··· GIVEN RECORDS

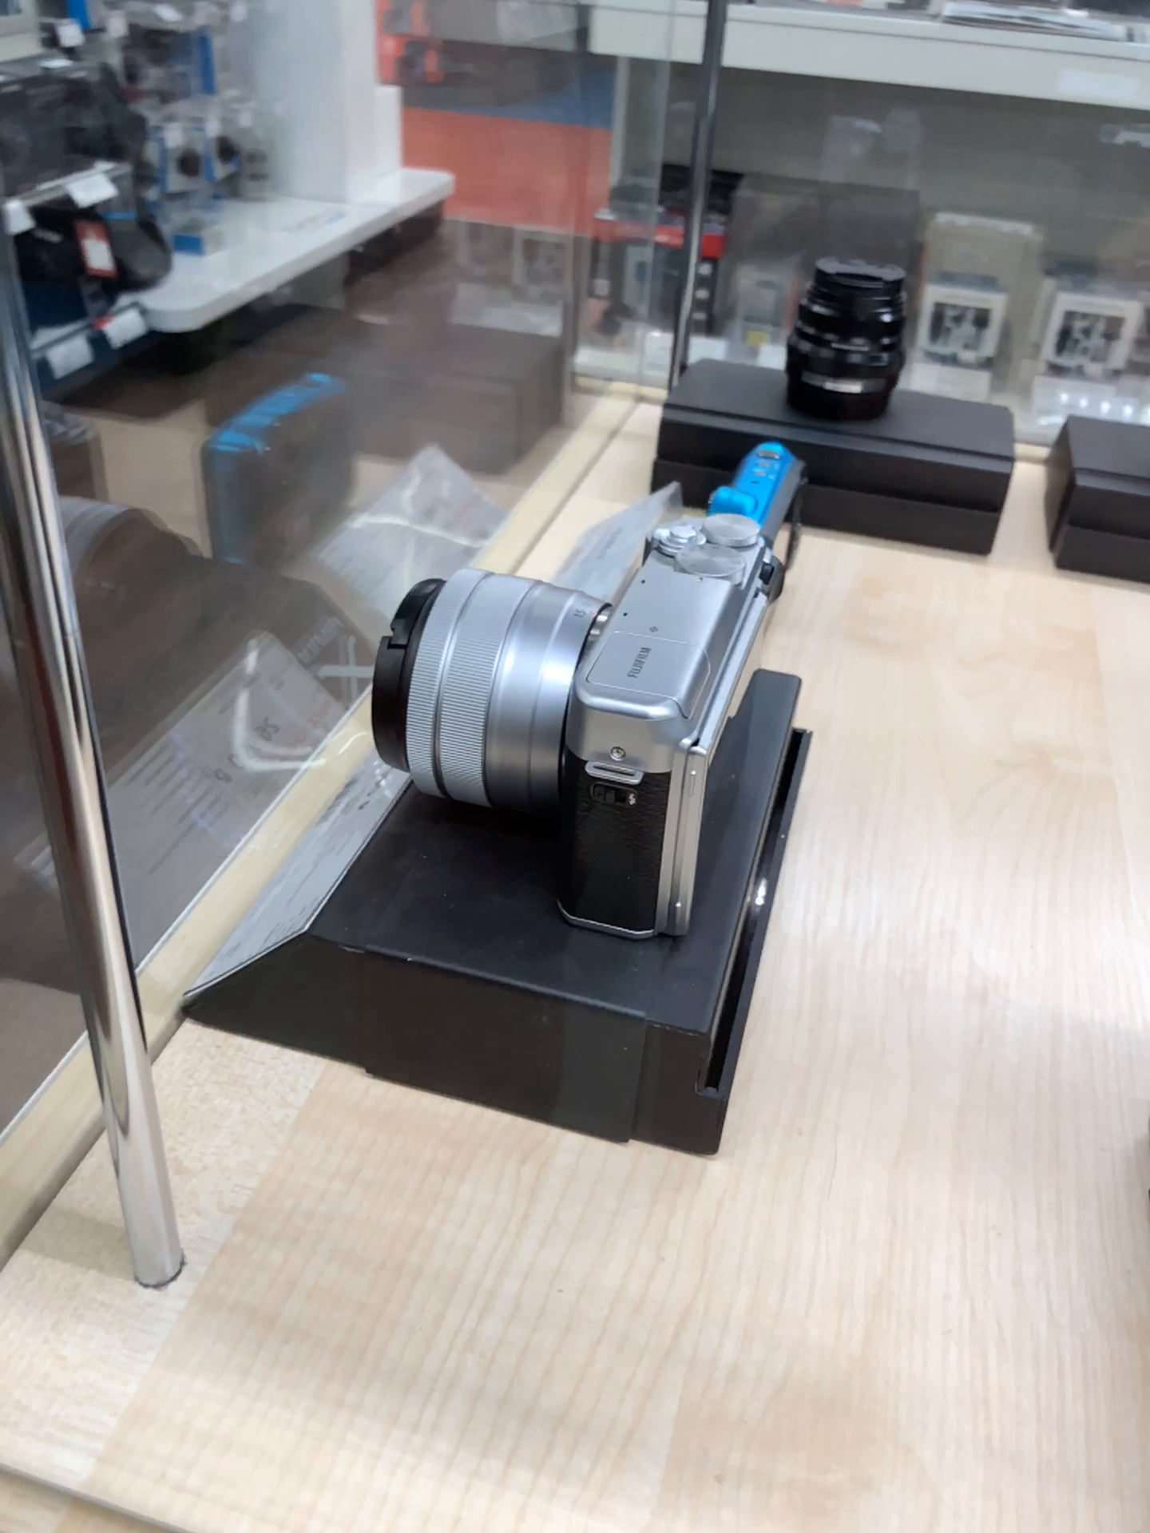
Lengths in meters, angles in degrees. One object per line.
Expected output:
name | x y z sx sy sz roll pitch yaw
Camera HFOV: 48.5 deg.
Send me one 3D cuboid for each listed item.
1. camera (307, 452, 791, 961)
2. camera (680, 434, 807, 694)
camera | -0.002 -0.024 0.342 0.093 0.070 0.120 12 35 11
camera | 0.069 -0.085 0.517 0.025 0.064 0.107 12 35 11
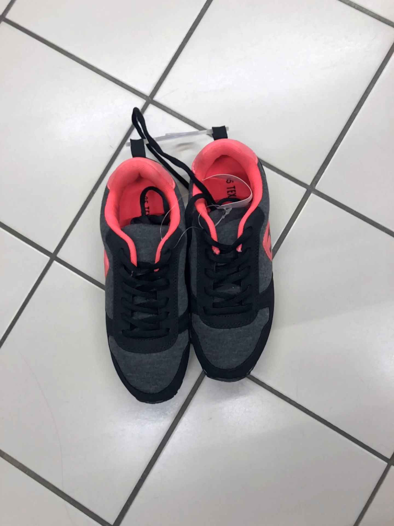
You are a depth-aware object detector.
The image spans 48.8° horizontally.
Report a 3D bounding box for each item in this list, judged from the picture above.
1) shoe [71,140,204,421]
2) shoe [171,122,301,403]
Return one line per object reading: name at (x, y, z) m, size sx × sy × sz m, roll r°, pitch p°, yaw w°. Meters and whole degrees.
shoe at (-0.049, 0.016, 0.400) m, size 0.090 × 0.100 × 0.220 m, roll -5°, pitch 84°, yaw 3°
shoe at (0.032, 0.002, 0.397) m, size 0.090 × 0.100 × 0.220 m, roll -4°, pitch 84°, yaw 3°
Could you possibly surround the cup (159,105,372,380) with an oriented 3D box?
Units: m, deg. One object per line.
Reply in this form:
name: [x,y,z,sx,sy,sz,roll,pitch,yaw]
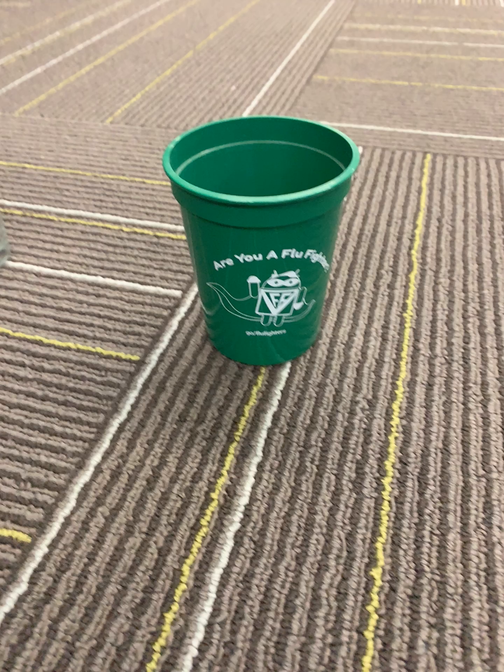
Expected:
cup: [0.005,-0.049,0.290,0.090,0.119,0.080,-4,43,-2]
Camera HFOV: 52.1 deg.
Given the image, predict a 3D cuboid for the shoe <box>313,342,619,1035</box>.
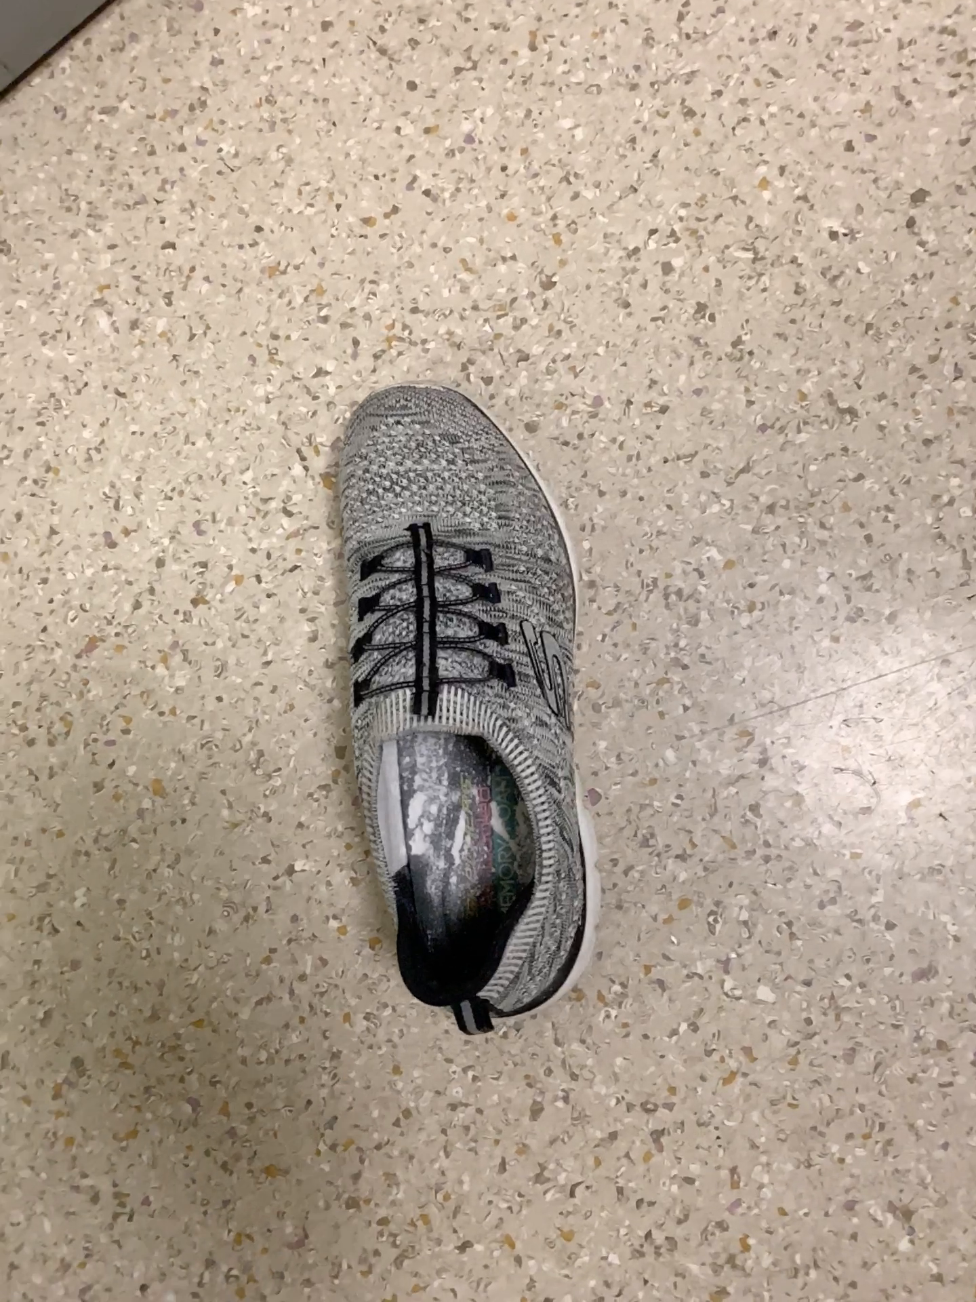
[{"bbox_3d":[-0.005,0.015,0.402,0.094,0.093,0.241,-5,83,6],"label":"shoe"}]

······
··· GIVEN RECORDS

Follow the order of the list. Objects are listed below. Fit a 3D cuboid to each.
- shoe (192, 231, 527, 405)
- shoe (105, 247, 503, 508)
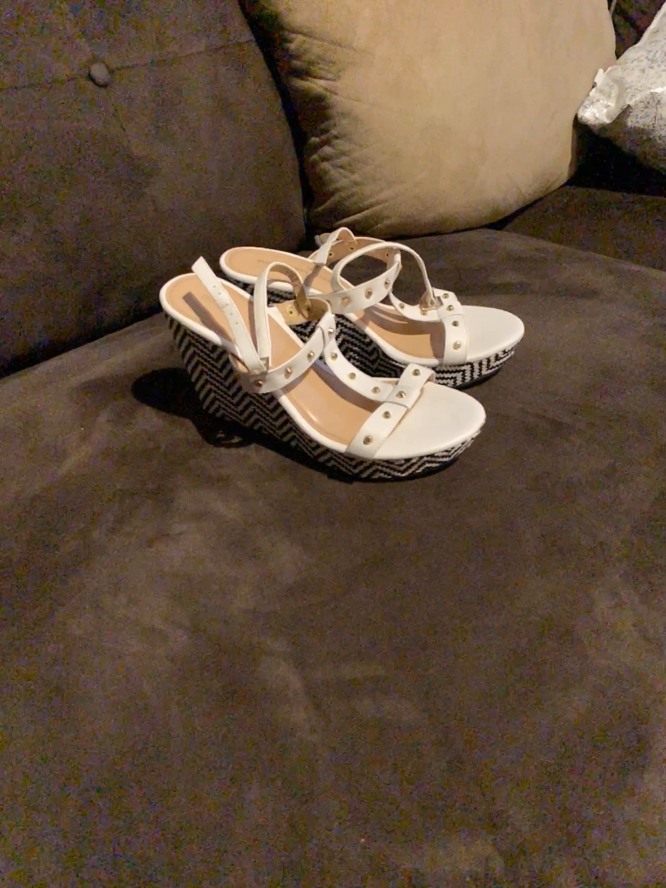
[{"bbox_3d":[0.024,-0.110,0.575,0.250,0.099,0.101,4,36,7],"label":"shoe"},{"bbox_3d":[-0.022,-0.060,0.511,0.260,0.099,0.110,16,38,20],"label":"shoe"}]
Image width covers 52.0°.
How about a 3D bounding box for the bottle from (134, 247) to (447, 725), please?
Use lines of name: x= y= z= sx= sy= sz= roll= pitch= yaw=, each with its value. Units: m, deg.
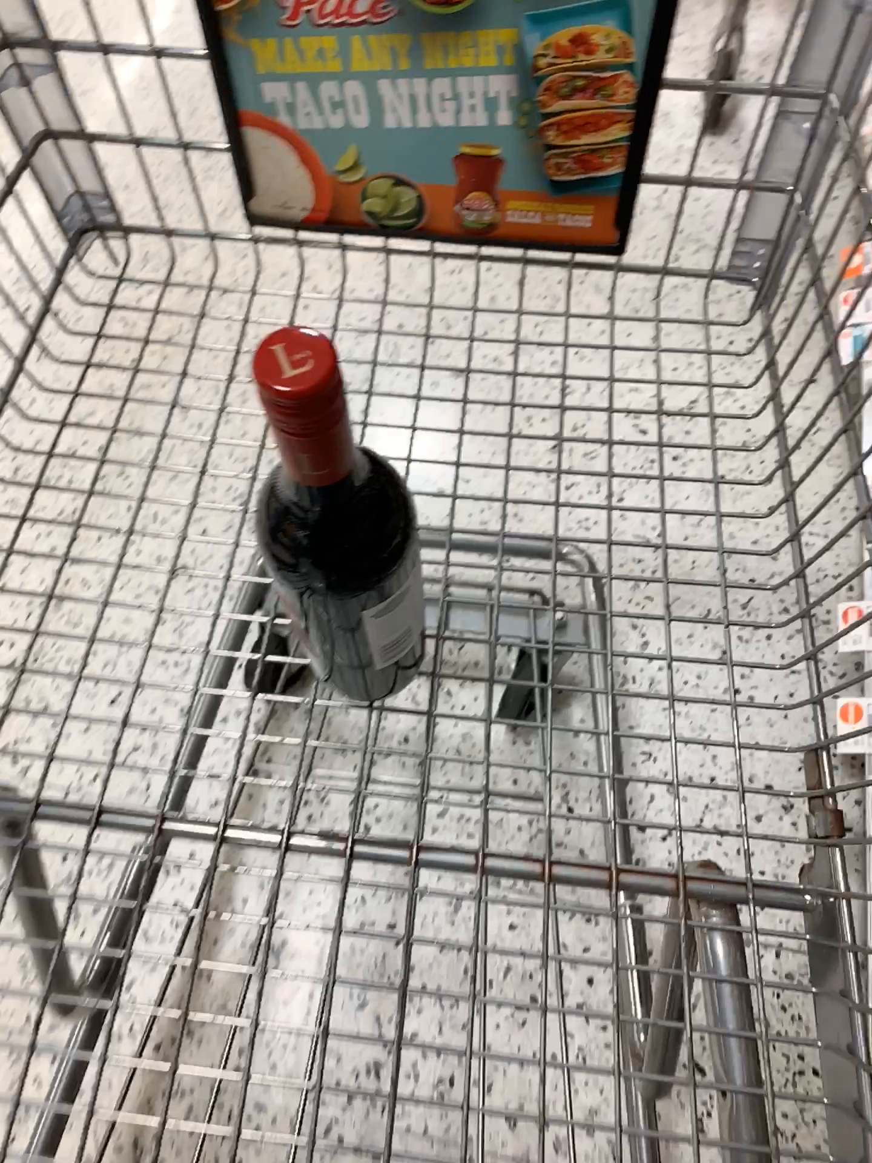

······

For every line in the data above that has the string "each", return that line.

ANSWER TO THIS TASK =
Send me one 3D cuboid for each listed item.
Report a 3D bounding box for each item in this list, judged from the picture above.
Follow the order of the list. Objects are listed below. Fit a 3D cuboid to each.
Use lines of name: x= y= z= sx= sy= sz= roll= pitch= yaw=, each with its value. Units: m, deg.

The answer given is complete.